### What to produce
Could you retype the entries below exactly, omitting every picture?

=== Source material ===

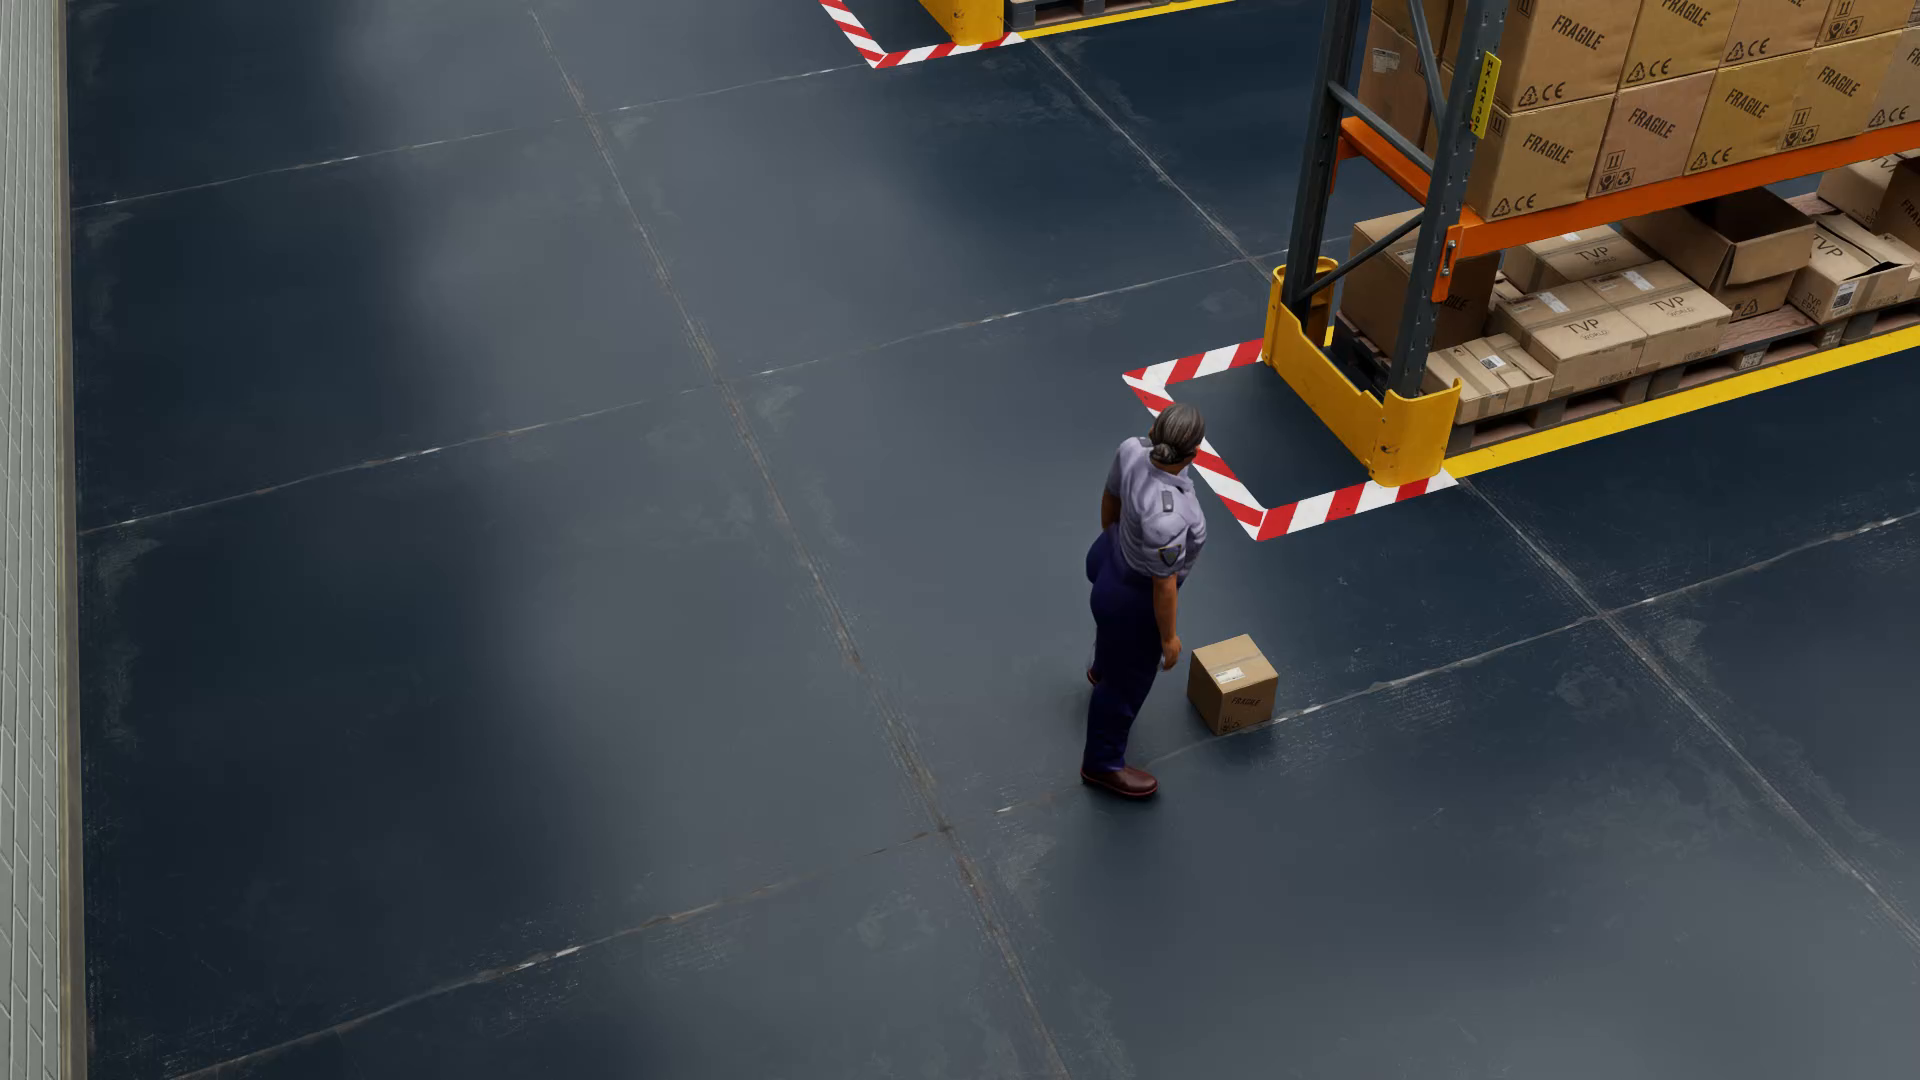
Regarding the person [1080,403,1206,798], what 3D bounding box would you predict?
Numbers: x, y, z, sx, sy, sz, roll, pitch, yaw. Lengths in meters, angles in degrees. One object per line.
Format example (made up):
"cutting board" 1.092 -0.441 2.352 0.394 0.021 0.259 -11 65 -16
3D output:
"person" 0.636 0.150 6.011 0.389 1.675 0.718 -3 42 -3

===

### Output of the exercise
Regarding the person [1080,403,1206,798], what 3D bounding box would you predict?
Numbers: x, y, z, sx, sy, sz, roll, pitch, yaw. Lengths in meters, angles in degrees. One object per line.
Format example (made up):
"cutting board" 1.092 -0.441 2.352 0.394 0.021 0.259 -11 65 -16
3D output:
"person" 0.636 0.150 6.011 0.389 1.675 0.718 -3 42 -3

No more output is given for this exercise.